▶ What you have to do
When you copy the data, keep every word exactly as it is and leave the pictures out.

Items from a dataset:
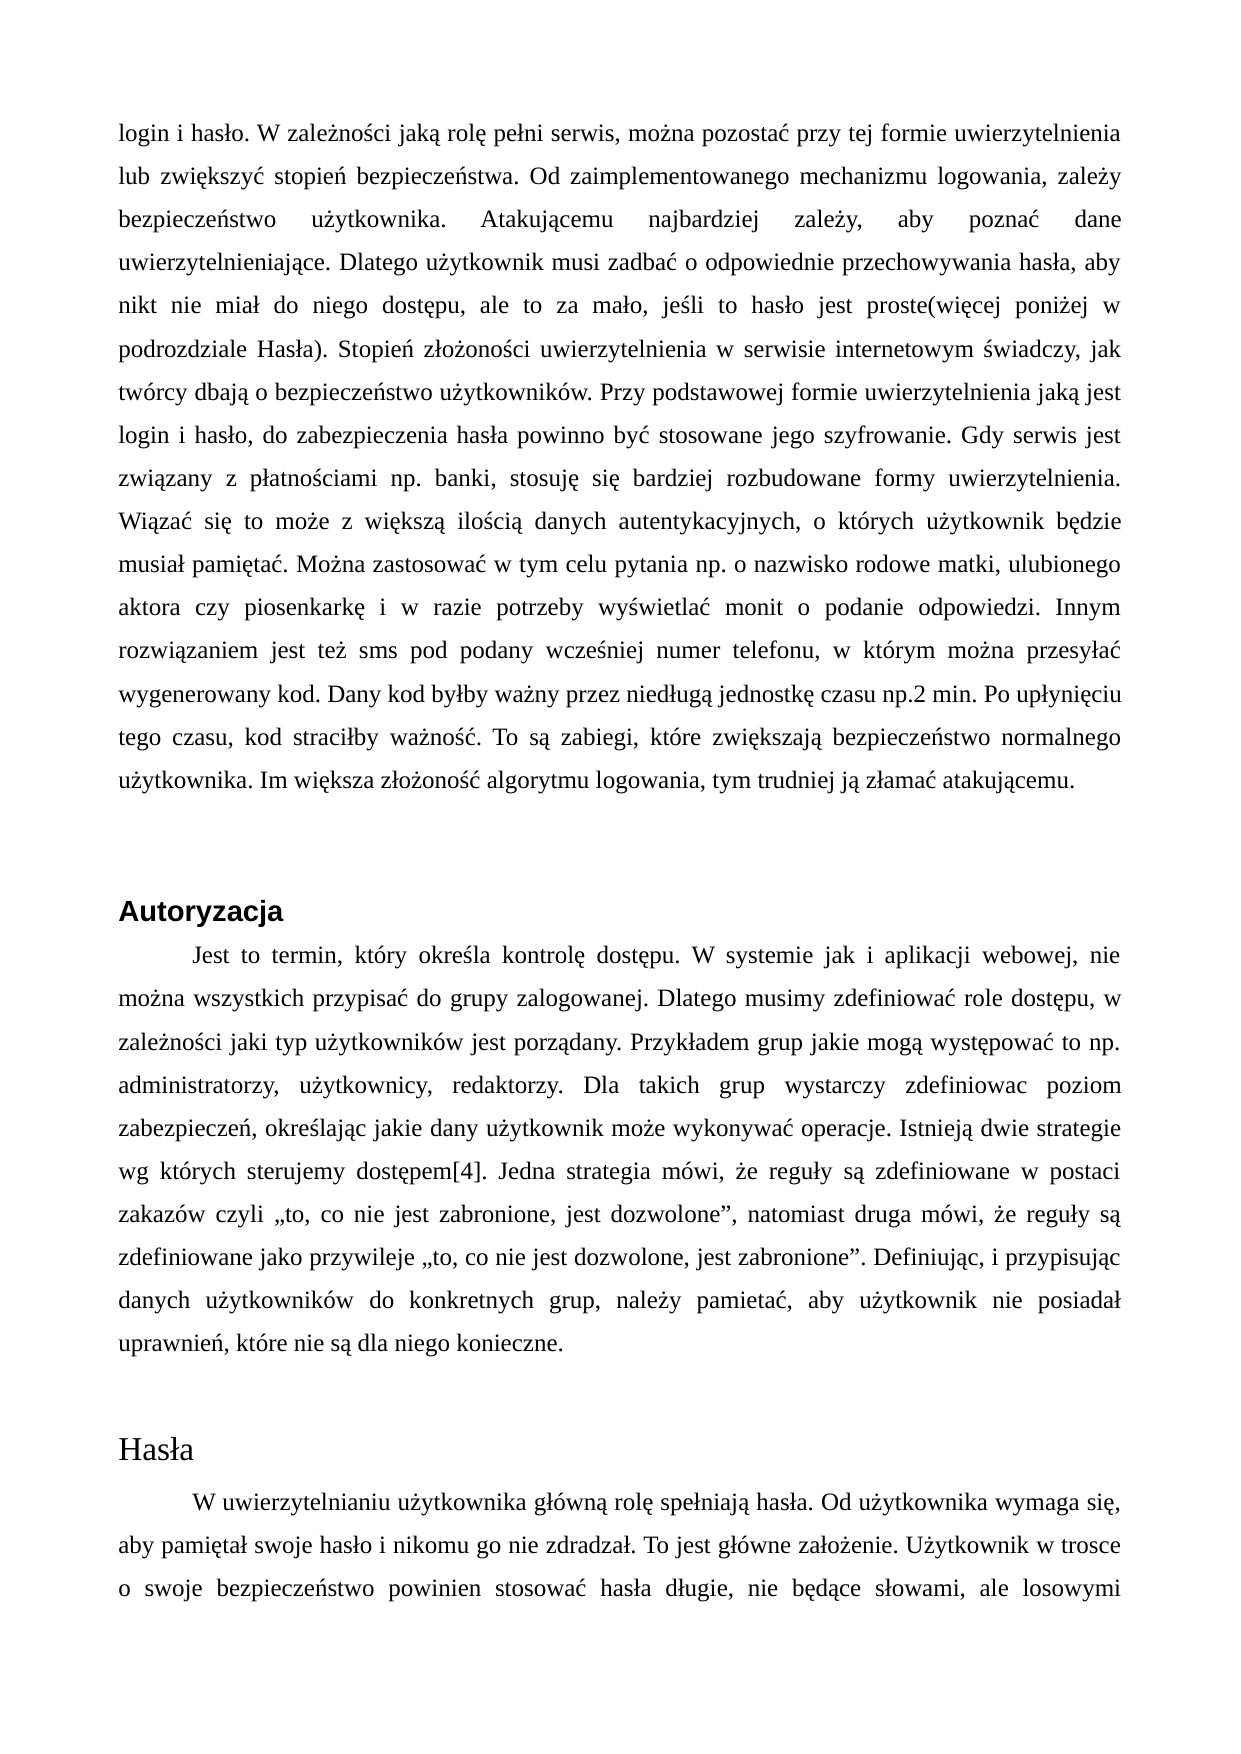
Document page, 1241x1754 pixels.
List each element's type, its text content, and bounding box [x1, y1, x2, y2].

text login i hasło. W zależności jaką rolę pełni serwis, można pozostać przy tej formie uwierzytelnienia lub zwiększyć stopień bezpieczeństwa. Od zaimplementowanego mechanizmu logowania, zależy bezpieczeństwo użytkownika. Atakującemu najbardziej zależy, aby poznać dane uwierzytelnieniające. Dlatego użytkownik musi zadbać o odpowiednie przechowywania hasła, aby nikt nie miał do niego dostępu, ale to za mało, jeśli to hasło jest proste(więcej poniżej w podrozdziale Hasła). Stopień złożoności uwierzytelnienia w serwisie internetowym świadczy, jak twórcy dbają o bezpieczeństwo użytkowników. Przy podstawowej formie uwierzytelnienia jaką jest login i hasło, do zabezpieczenia hasła powinno być stosowane jego szyfrowanie. Gdy serwis jest związany z płatnościami np. banki, stosuję się bardziej rozbudowane formy uwierzytelnienia. Wiązać się to może z większą ilością danych autentykacyjnych, o których użytkownik będzie musiał pamiętać. Można zastosować w tym celu pytania np. o nazwisko rodowe matki, ulubionego aktora czy piosenkarkę i w razie potrzeby wyświetlać monit o podanie odpowiedzi. Innym rozwiązaniem jest też sms pod podany wcześniej numer telefonu, w którym można przesyłać wygenerowany kod. Dany kod byłby ważny przez niedługą jednostkę czasu np.2 min. Po upłynięciu tego czasu, kod straciłby ważność. To są zabiegi, które zwiększają bezpieczeństwo normalnego użytkownika. Im większa złożoność algorytmu logowania, tym trudniej ją złamać atakującemu. [118, 118, 1122, 794]
text Jest to termin, który określa kontrolę dostępu. W systemie jak i aplikacji webowej, nie można wszystkich przypisać do grupy zalogowanej. Dlatego musimy zdefiniować role dostępu, w zależności jaki typ użytkowników jest porządany. Przykładem grup jakie mogą występować to np. administratorzy, użytkownicy, redaktorzy. Dla takich grup wystarczy zdefiniowac poziom zabezpieczeń, określając jakie dany użytkownik może wykonywać operacje. Istnieją dwie strategie wg których sterujemy dostępem[4]. Jedna strategia mówi, że reguły są zdefiniowane w postaci zakazów czyli „to, co nie jest zabronione, jest dozwolone”, natomiast druga mówi, że reguły są zdefiniowane jako przywileje „to, co nie jest dozwolone, jest zabronione”. Definiując, i przypisując danych użytkowników do konkretnych grup, należy pamietać, aby użytkownik nie posiadał uprawnień, które nie są dla niego konieczne. [118, 940, 1122, 1357]
text Hasła [118, 1429, 1122, 1467]
subtitle Autoryzacja [118, 894, 1122, 928]
text W uwierzytelnianiu użytkownika główną rolę spełniają hasła. Od użytkownika wymaga się, aby pamiętał swoje hasło i nikomu go nie zdradzał. To jest główne założenie. Użytkownik w trosce o swoje bezpieczeństwo powinien stosować hasła długie, nie będące słowami, ale losowymi [118, 1487, 1122, 1602]

▶ Exercise solution
Document page, 1241x1754 pixels.
List each element's type, its text content, and bounding box [x1, y1, x2, y2].

text login i hasło. W zależności jaką rolę pełni serwis, można pozostać przy tej formie uwierzytelnienia lub zwiększyć stopień bezpieczeństwa. Od zaimplementowanego mechanizmu logowania, zależy bezpieczeństwo użytkownika. Atakującemu najbardziej zależy, aby poznać dane uwierzytelnieniające. Dlatego użytkownik musi zadbać o odpowiednie przechowywania hasła, aby nikt nie miał do niego dostępu, ale to za mało, jeśli to hasło jest proste(więcej poniżej w podrozdziale Hasła). Stopień złożoności uwierzytelnienia w serwisie internetowym świadczy, jak twórcy dbają o bezpieczeństwo użytkowników. Przy podstawowej formie uwierzytelnienia jaką jest login i hasło, do zabezpieczenia hasła powinno być stosowane jego szyfrowanie. Gdy serwis jest związany z płatnościami np. banki, stosuję się bardziej rozbudowane formy uwierzytelnienia. Wiązać się to może z większą ilością danych autentykacyjnych, o których użytkownik będzie musiał pamiętać. Można zastosować w tym celu pytania np. o nazwisko rodowe matki, ulubionego aktora czy piosenkarkę i w razie potrzeby wyświetlać monit o podanie odpowiedzi. Innym rozwiązaniem jest też sms pod podany wcześniej numer telefonu, w którym można przesyłać wygenerowany kod. Dany kod byłby ważny przez niedługą jednostkę czasu np.2 min. Po upłynięciu tego czasu, kod straciłby ważność. To są zabiegi, które zwiększają bezpieczeństwo normalnego użytkownika. Im większa złożoność algorytmu logowania, tym trudniej ją złamać atakującemu. [118, 118, 1122, 794]
text Jest to termin, który określa kontrolę dostępu. W systemie jak i aplikacji webowej, nie można wszystkich przypisać do grupy zalogowanej. Dlatego musimy zdefiniować role dostępu, w zależności jaki typ użytkowników jest porządany. Przykładem grup jakie mogą występować to np. administratorzy, użytkownicy, redaktorzy. Dla takich grup wystarczy zdefiniowac poziom zabezpieczeń, określając jakie dany użytkownik może wykonywać operacje. Istnieją dwie strategie wg których sterujemy dostępem[4]. Jedna strategia mówi, że reguły są zdefiniowane w postaci zakazów czyli „to, co nie jest zabronione, jest dozwolone”, natomiast druga mówi, że reguły są zdefiniowane jako przywileje „to, co nie jest dozwolone, jest zabronione”. Definiując, i przypisując danych użytkowników do konkretnych grup, należy pamietać, aby użytkownik nie posiadał uprawnień, które nie są dla niego konieczne. [118, 940, 1122, 1357]
text Hasła [118, 1429, 1122, 1467]
subtitle Autoryzacja [118, 894, 1122, 928]
text W uwierzytelnianiu użytkownika główną rolę spełniają hasła. Od użytkownika wymaga się, aby pamiętał swoje hasło i nikomu go nie zdradzał. To jest główne założenie. Użytkownik w trosce o swoje bezpieczeństwo powinien stosować hasła długie, nie będące słowami, ale losowymi [118, 1487, 1122, 1602]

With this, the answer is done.